Guillaume Apollinaire (1880‒1918), Calligram of Guillaume Apollinaire, entitled Poème du 9 Février 1915 (Poem of February 9, 1915). Printed in Calligrammes:Poèmes de la Paix et de la Guerre 1913–1916 (Calligrams: Poems of Peace and War 1913–1916). Paris, Mercure de France, 1918.

Modernism is a term ascribed to styles and transformative movements in multiple cultural spheres—philosophy, music, art, architecture, and literature. In its essence, modernism has at its core experimentation, as a term usually applied to efforts and creations of the late 19th or early 20th century, but sometimes later, characterized by intentional departures from traditional forms.
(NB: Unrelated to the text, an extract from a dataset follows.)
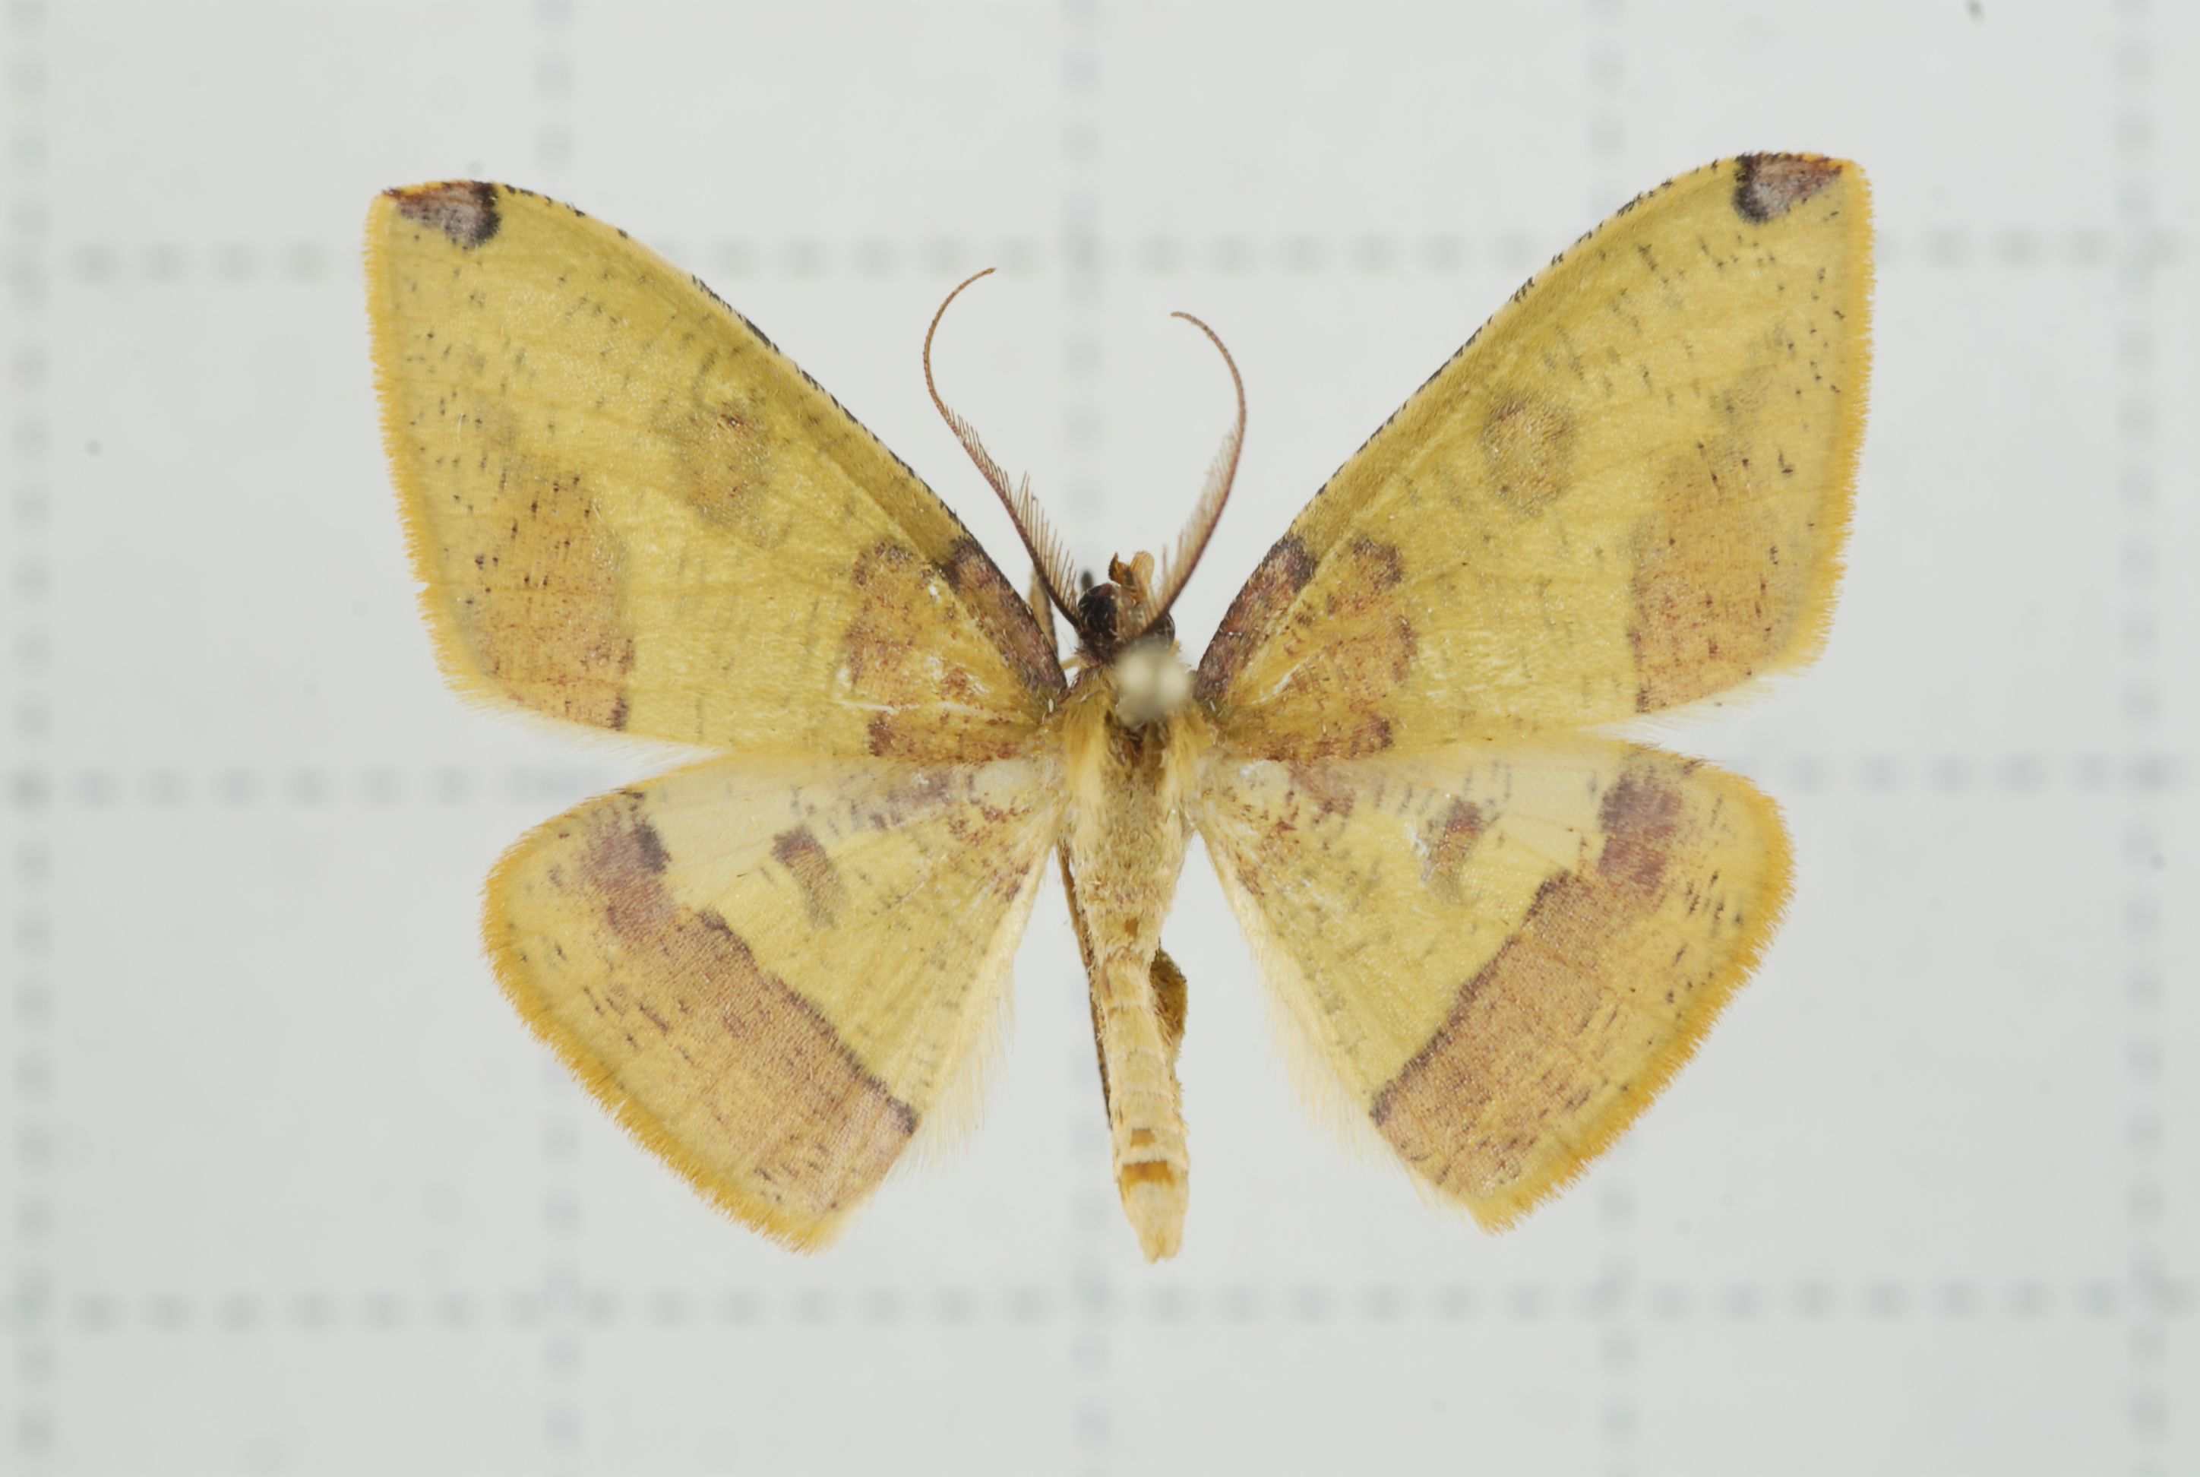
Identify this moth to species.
Heterolocha coccinea
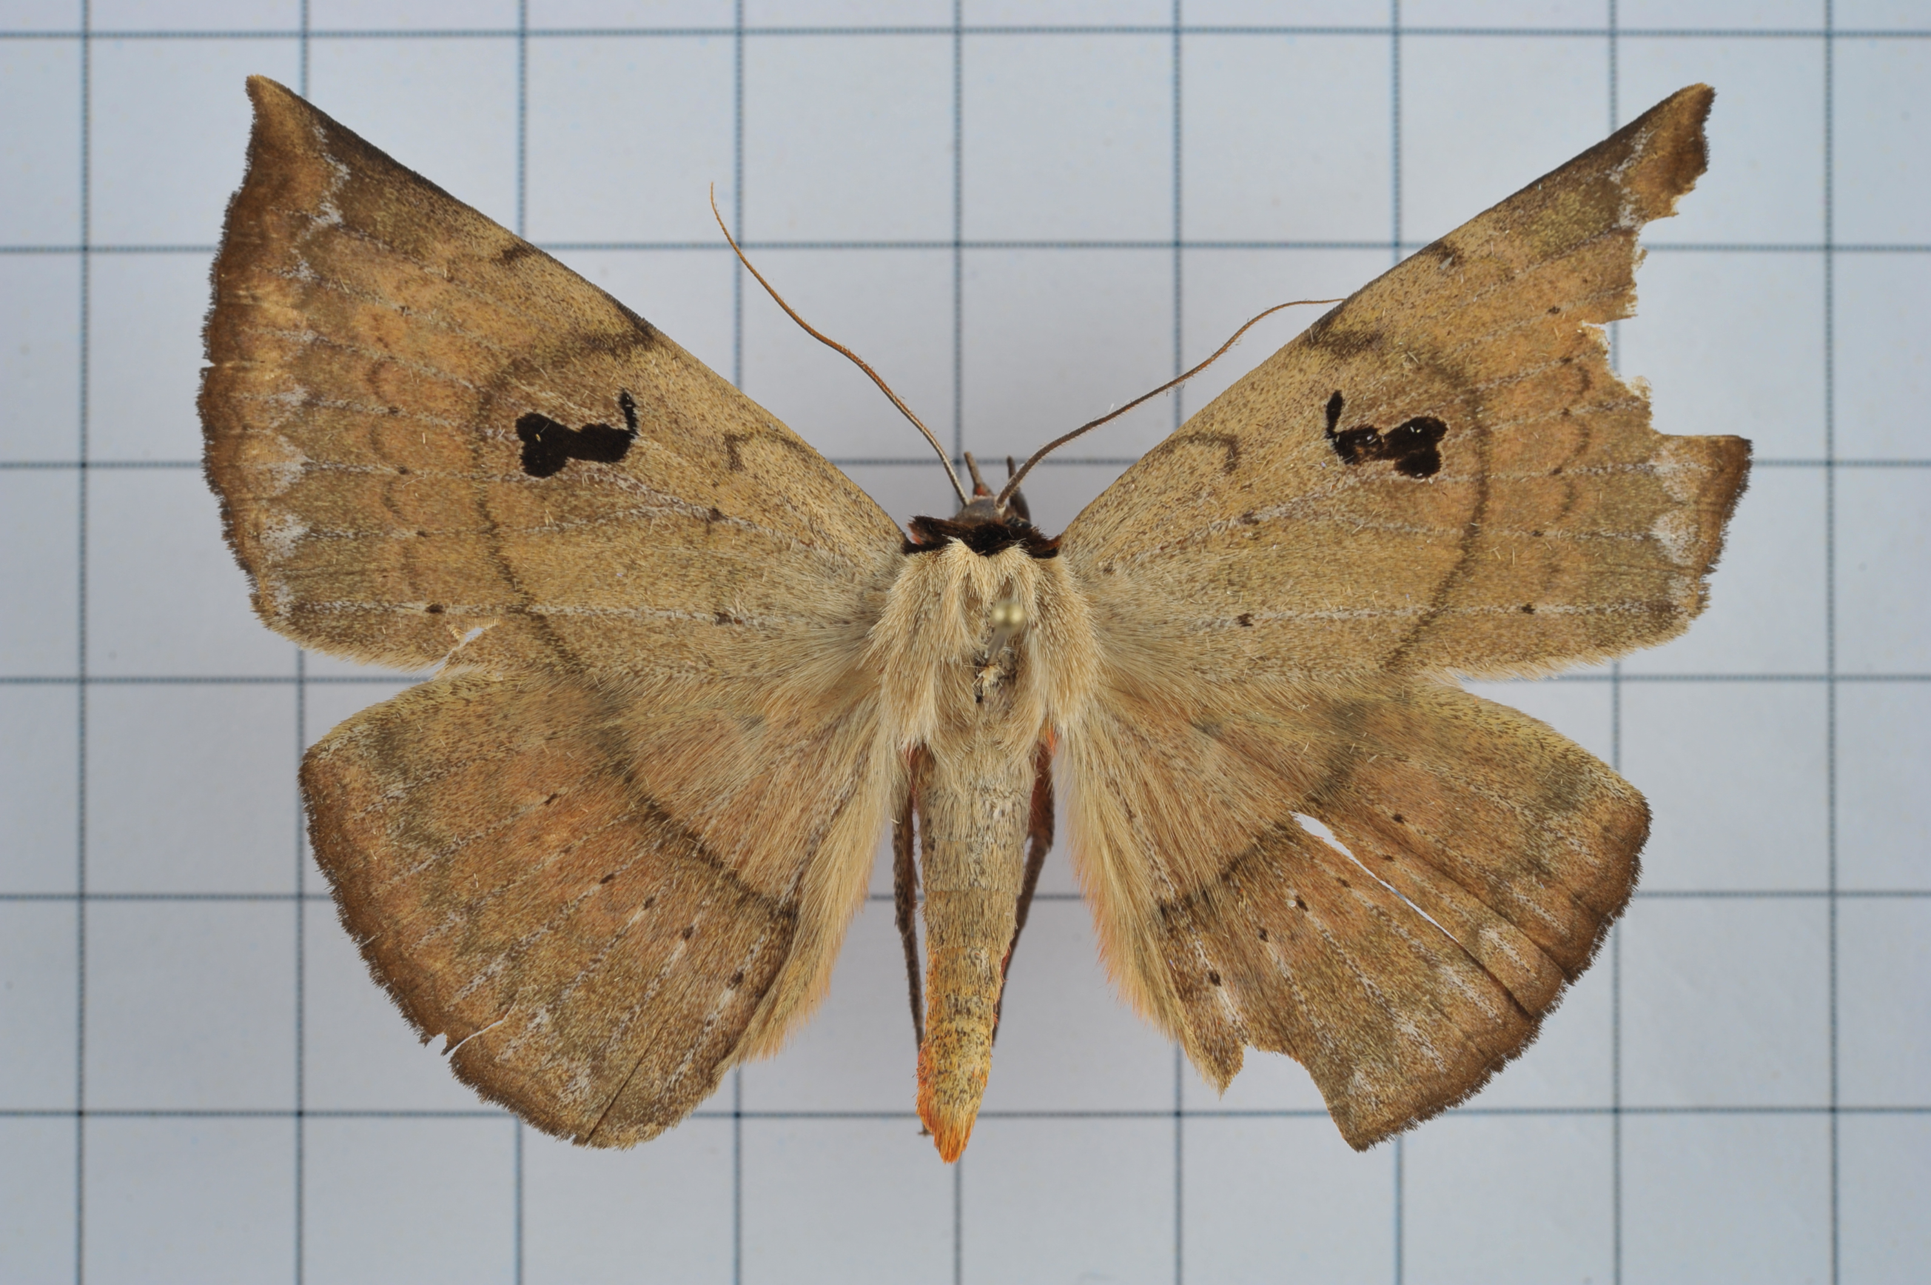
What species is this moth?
Hypopyra ossigera
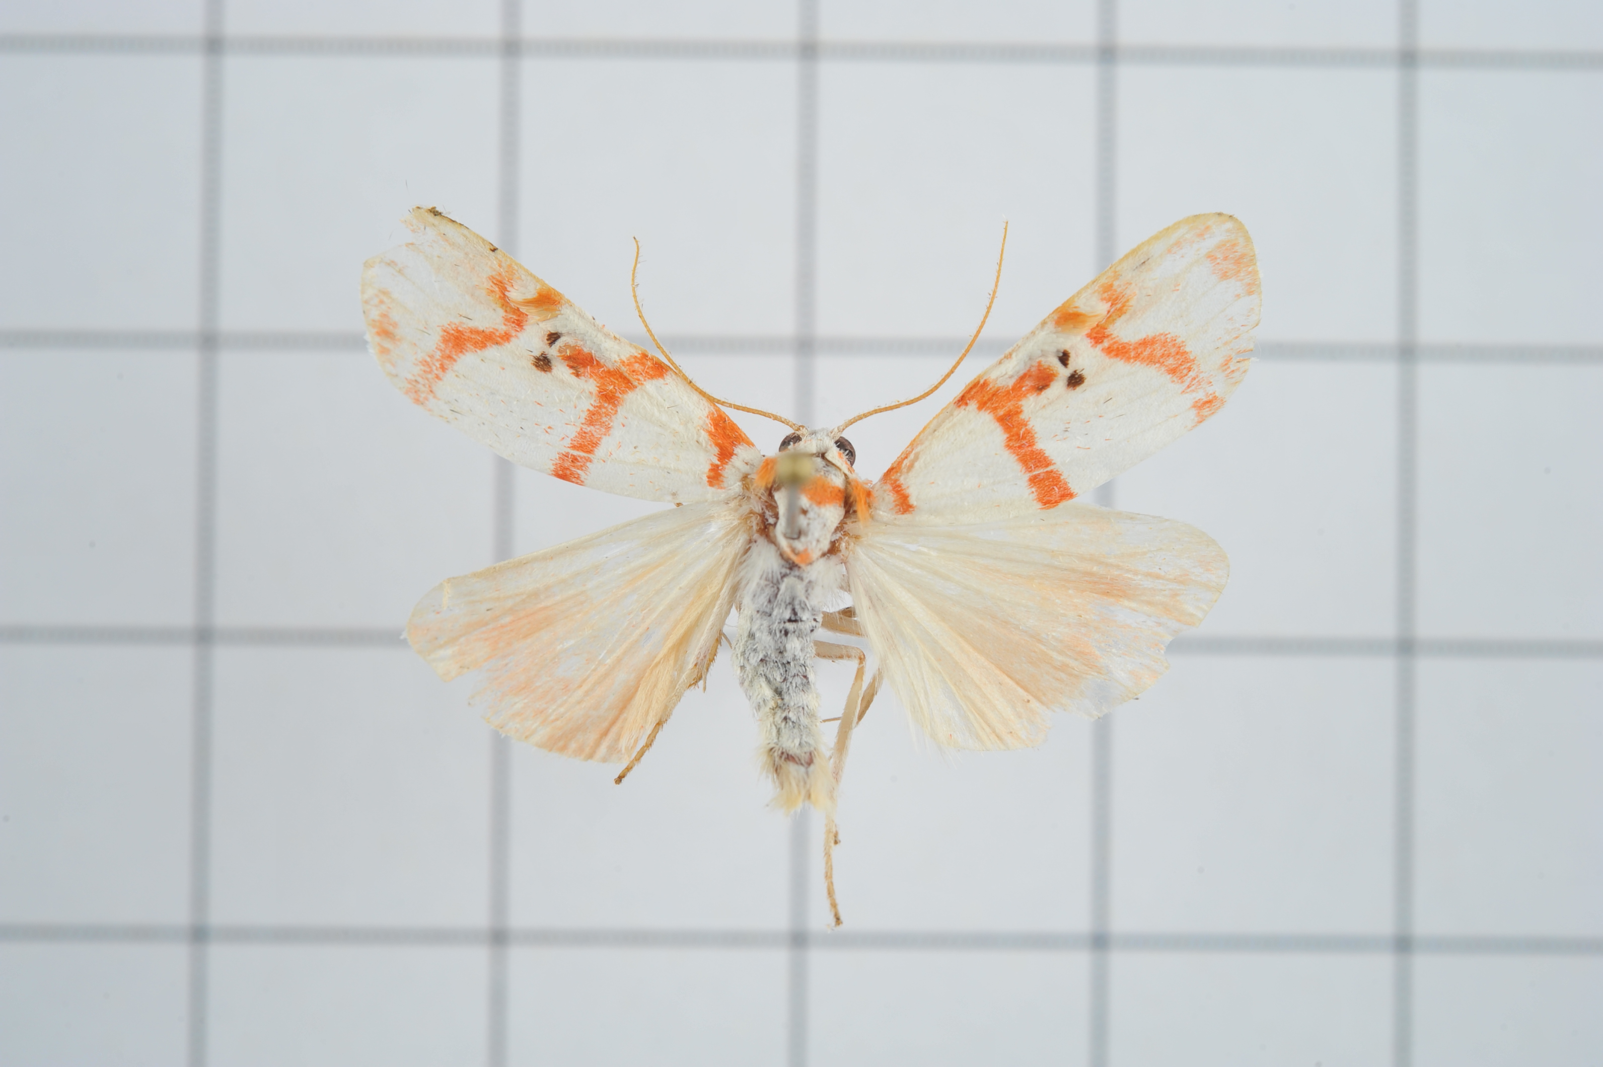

There are many well-known examples of modernist efforts in their respective spheres and periods. In biology, Charles Darwin questioned the concept of human uniqueness with the theory of evolution. In literature, the term modernist has been applied to European and American writers who created substantive departures from tradition, as was seen in the works of Fyodor Dostoyevsky, Gustave Flaubert, James Joyce, and William Carlos Williams. In music, modernism is a term ascribed to the period 1890–1930, and postmodernism is a term sometimes accorded to phenomena with modernist qualities but occurring after 1930; however, some critics use modernism to describe a movement of rebellion that continues, dependent on the musician’s attitude rather than the musician’s moment in time. Certainly, Ella Fitzgerald, Miles Davis, Bob Dylan, John Lennon, Charles Mingus, the Rolling Stones, and Neil Young created musical forms that featured modernist iconoclasm, stepping well beyond the early 20th century. In art, modernism is used as a broader categorization of several novel stylistic departures including realism, postimpressionism, fauvism, cubism, dadaism, surrealism, abstract expressionism, and minimalism, each with elements of deliberate experimentation and innovation.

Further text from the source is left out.